**ACTIVITY:**
Each line of data below must be printed exactly as written, with any pictures removed.

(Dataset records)
= = = = = = =

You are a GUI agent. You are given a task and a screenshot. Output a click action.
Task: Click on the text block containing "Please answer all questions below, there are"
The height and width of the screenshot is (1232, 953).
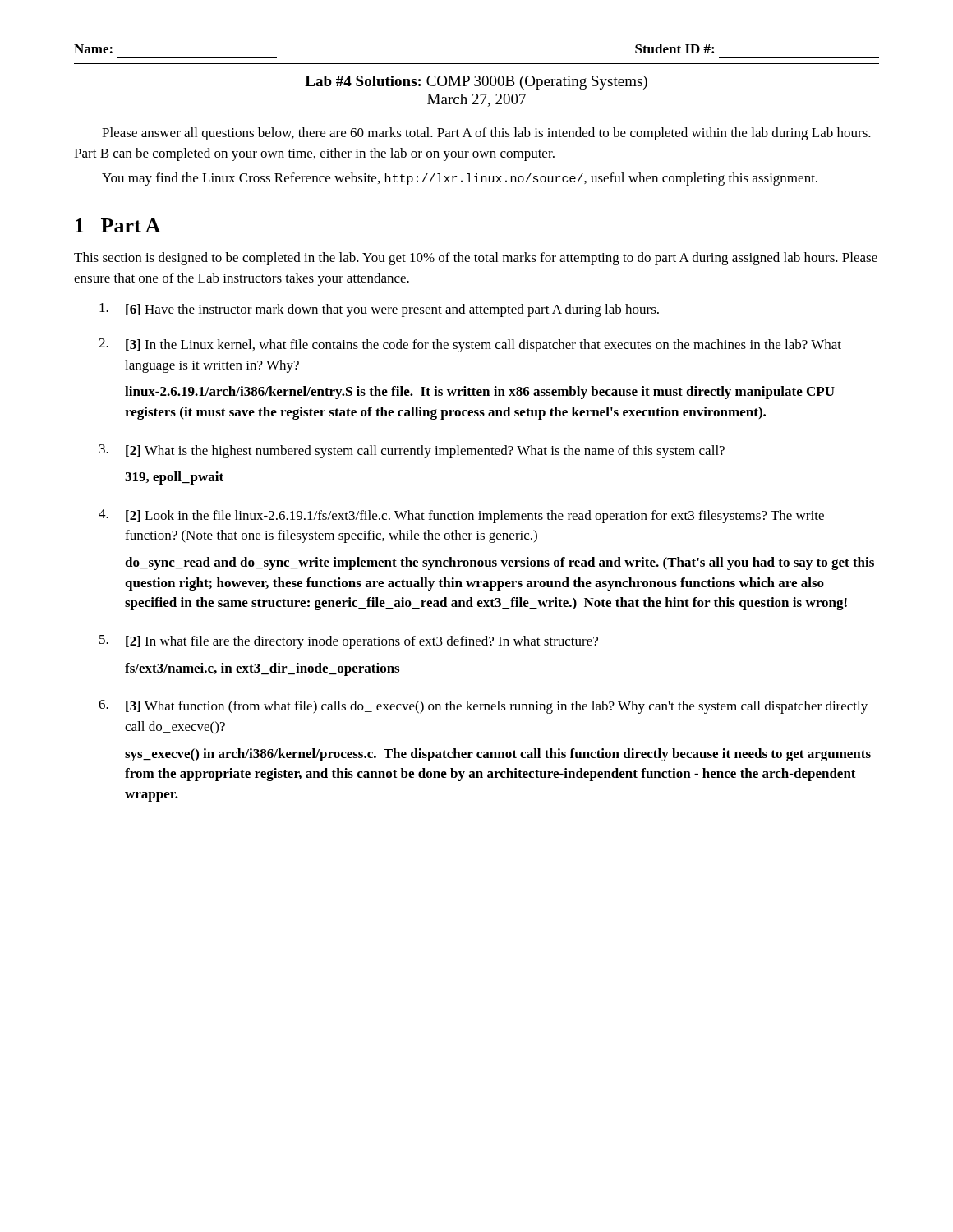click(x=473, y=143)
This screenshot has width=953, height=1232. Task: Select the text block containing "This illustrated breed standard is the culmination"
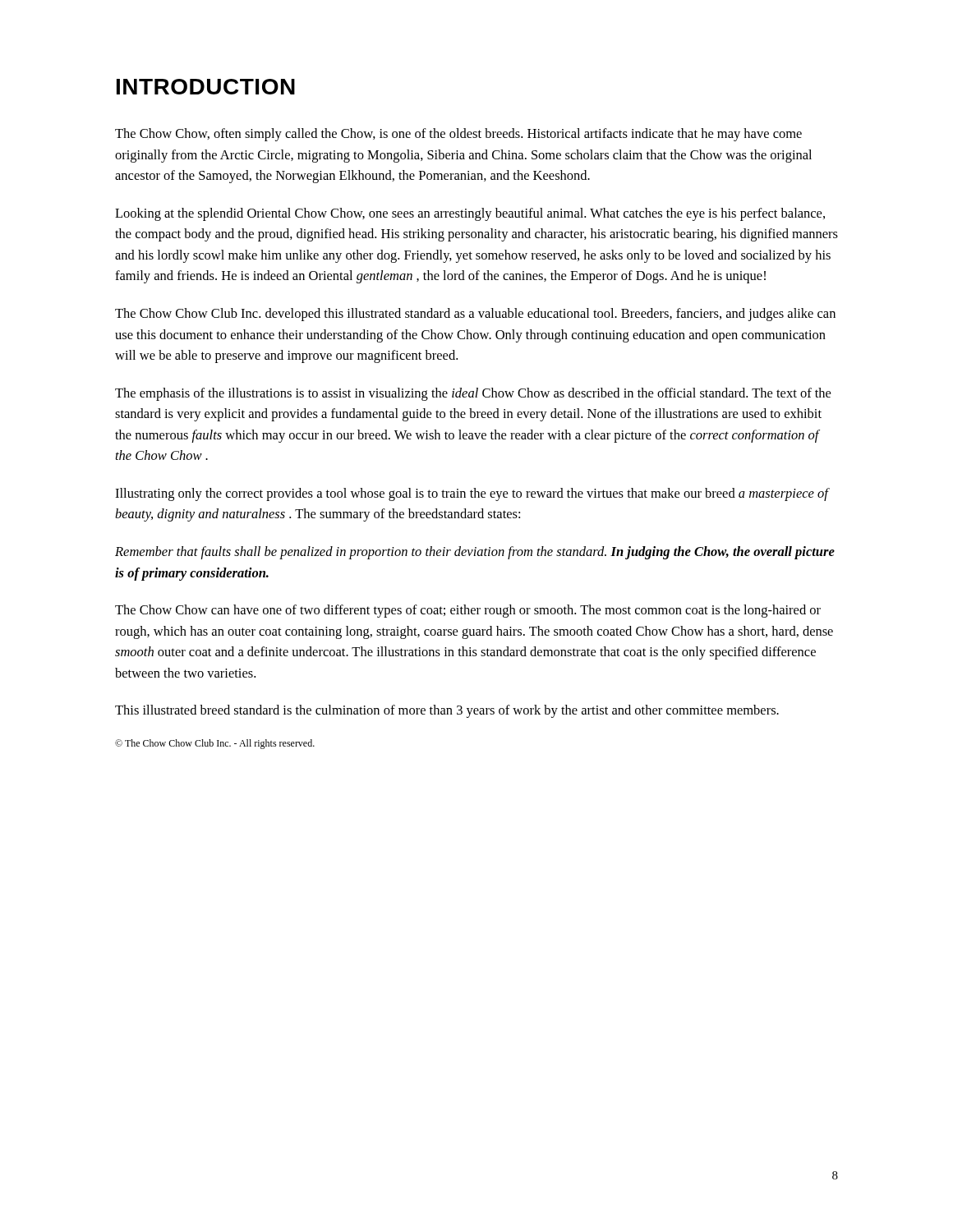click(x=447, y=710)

= = = = = = =

**OUTPUT OF THE TASK:**
You are a GUI agent. You are given a task and a screenshot. Output a click action.
Task: Click on the text block containing "Please answer all questions below, there are"
The height and width of the screenshot is (1232, 953).
click(x=473, y=143)
This screenshot has width=953, height=1232. Task: Select the text block containing "This illustrated breed standard is the culmination"
click(x=447, y=710)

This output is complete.